# Exercise prompt
Beginning with the line that holds "text strncat(s,yytext,1); //same", set down each line of the data below through the very last, exactly as given, and nothing beyond that.

# Provided records
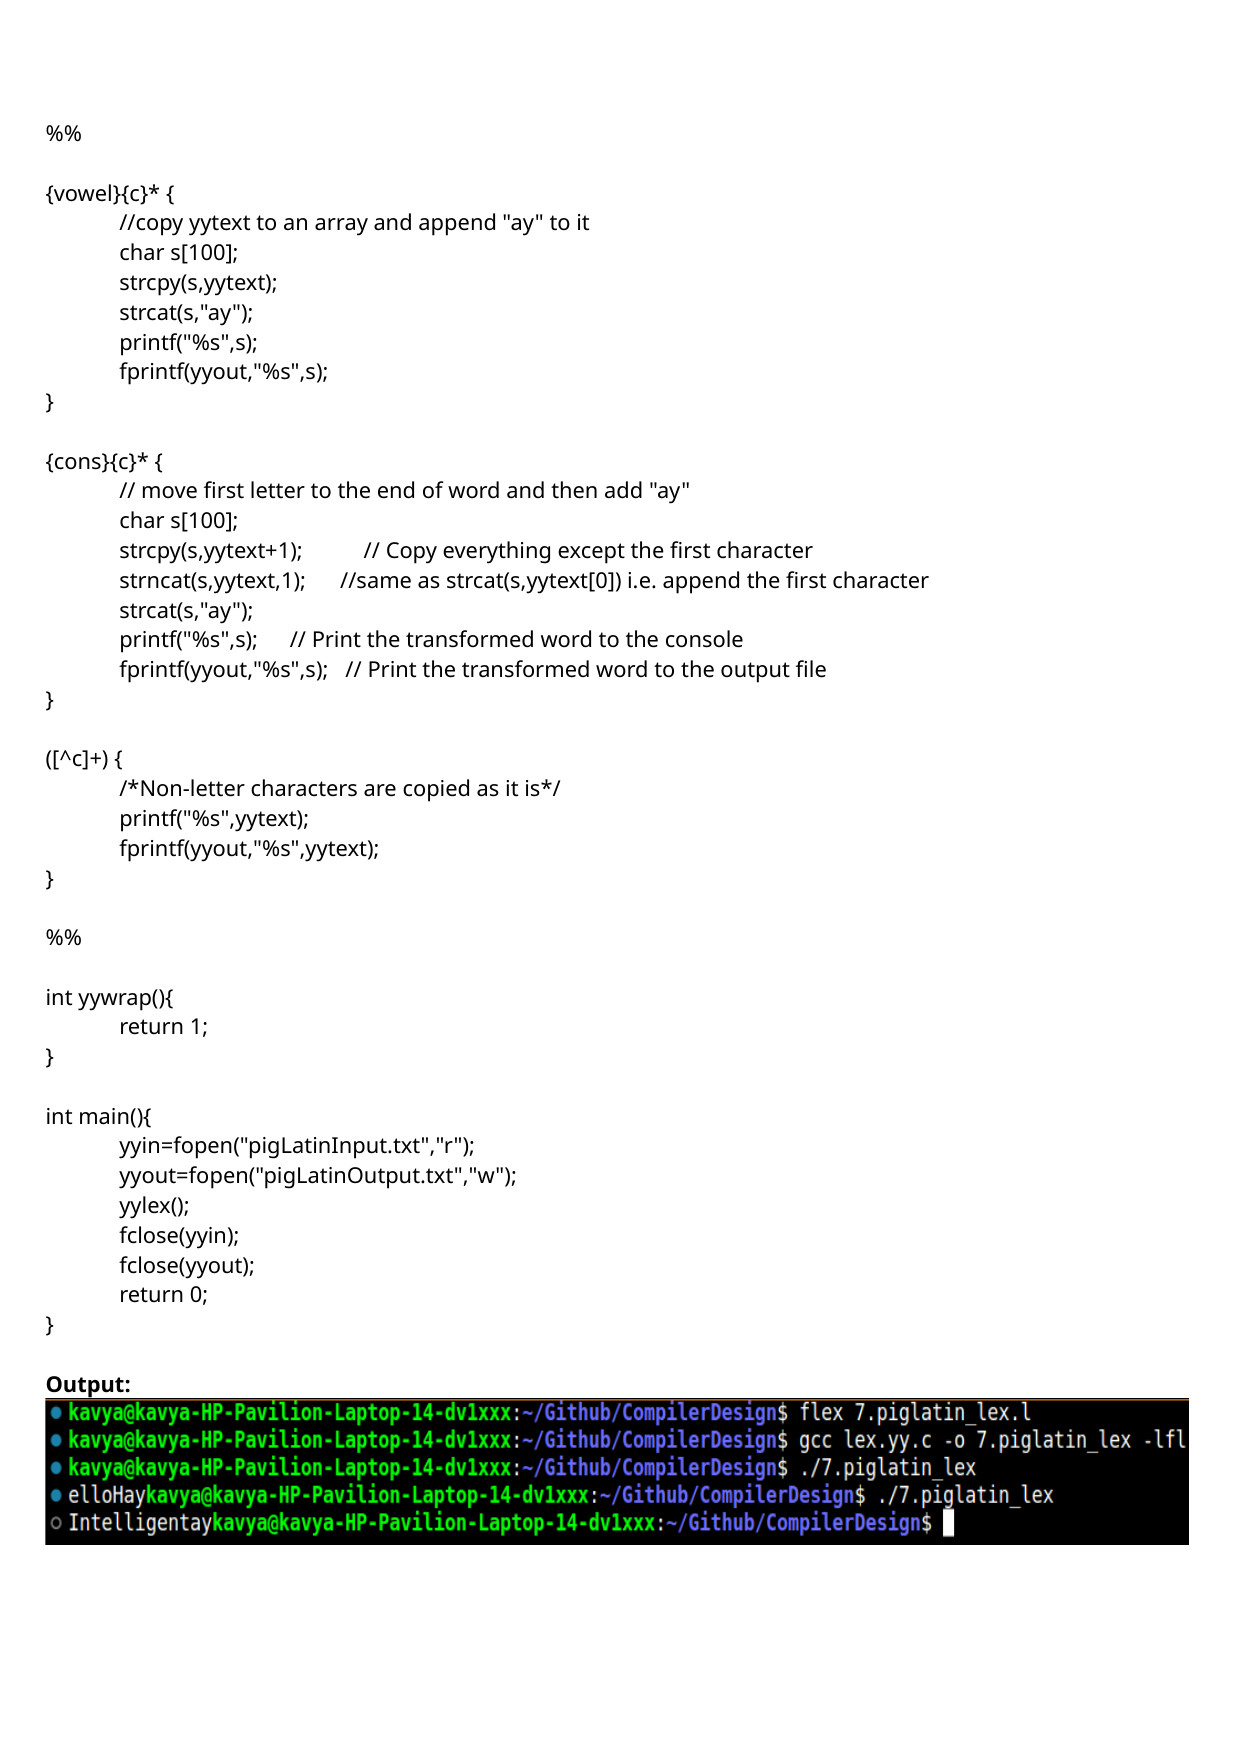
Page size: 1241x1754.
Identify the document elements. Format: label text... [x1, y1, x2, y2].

text } [45, 1041, 1189, 1071]
text } [45, 1309, 1189, 1339]
text %% [45, 118, 1189, 148]
text fprintf(yyout,"%s",yytext); [45, 833, 1189, 863]
text {vowel}{c}* { [45, 178, 1189, 207]
text yyin=fopen("pigLatinInput.txt","r"); [45, 1130, 1189, 1160]
text fprintf(yyout,"%s",s); [45, 356, 1189, 386]
text strcpy(s,yytext); [45, 267, 1189, 297]
text printf("%s",s); // Print the transformed word to the console [45, 624, 1189, 654]
text yyout=fopen("pigLatinOutput.txt","w"); [45, 1160, 1189, 1190]
text %% [45, 922, 1189, 952]
text printf("%s",s); [45, 327, 1189, 356]
text fclose(yyin); [45, 1220, 1189, 1249]
text //copy yytext to an array and append "ay" to it [45, 207, 1189, 237]
text Output: [45, 1369, 1189, 1398]
text yylex(); [45, 1190, 1189, 1220]
text strcat(s,"ay"); [45, 594, 1189, 624]
text fprintf(yyout,"%s",s); // Print the transformed word to the output file [45, 654, 1189, 684]
text {cons}{c}* { [45, 446, 1189, 475]
picture [45, 1398, 1189, 1545]
text strncat(s,yytext,1); //same as strcat(s,yytext[0]) i.e. append the first character [45, 565, 1189, 594]
text strcpy(s,yytext+1); // Copy everything except the first character [45, 535, 1189, 565]
text char s[100]; [45, 237, 1189, 267]
text int yywrap(){ [45, 982, 1189, 1011]
text } [45, 386, 1189, 416]
text // move first letter to the end of word and then add "ay" [45, 475, 1189, 505]
text printf("%s",yytext); [45, 803, 1189, 833]
text fclose(yyout); [45, 1249, 1189, 1279]
text return 1; [45, 1011, 1189, 1041]
text } [45, 684, 1189, 714]
text return 0; [45, 1279, 1189, 1309]
text } [45, 863, 1189, 892]
text strcat(s,"ay"); [45, 297, 1189, 327]
text ([^c]+) { [45, 743, 1189, 773]
text char s[100]; [45, 505, 1189, 535]
text /*Non-letter characters are copied as it is*/ [45, 773, 1189, 803]
text int main(){ [45, 1101, 1189, 1130]

# Output below
text strncat(s,yytext,1); //same as strcat(s,yytext[0]) i.e. append the first character [45, 565, 1189, 594]
text strcpy(s,yytext+1); // Copy everything except the first character [45, 535, 1189, 565]
text char s[100]; [45, 237, 1189, 267]
text int yywrap(){ [45, 982, 1189, 1011]
text } [45, 386, 1189, 416]
text // move first letter to the end of word and then add "ay" [45, 475, 1189, 505]
text printf("%s",yytext); [45, 803, 1189, 833]
text fclose(yyout); [45, 1249, 1189, 1279]
text return 1; [45, 1011, 1189, 1041]
text } [45, 684, 1189, 714]
text return 0; [45, 1279, 1189, 1309]
text } [45, 863, 1189, 892]
text strcat(s,"ay"); [45, 297, 1189, 327]
text ([^c]+) { [45, 743, 1189, 773]
text char s[100]; [45, 505, 1189, 535]
text /*Non-letter characters are copied as it is*/ [45, 773, 1189, 803]
text int main(){ [45, 1101, 1189, 1130]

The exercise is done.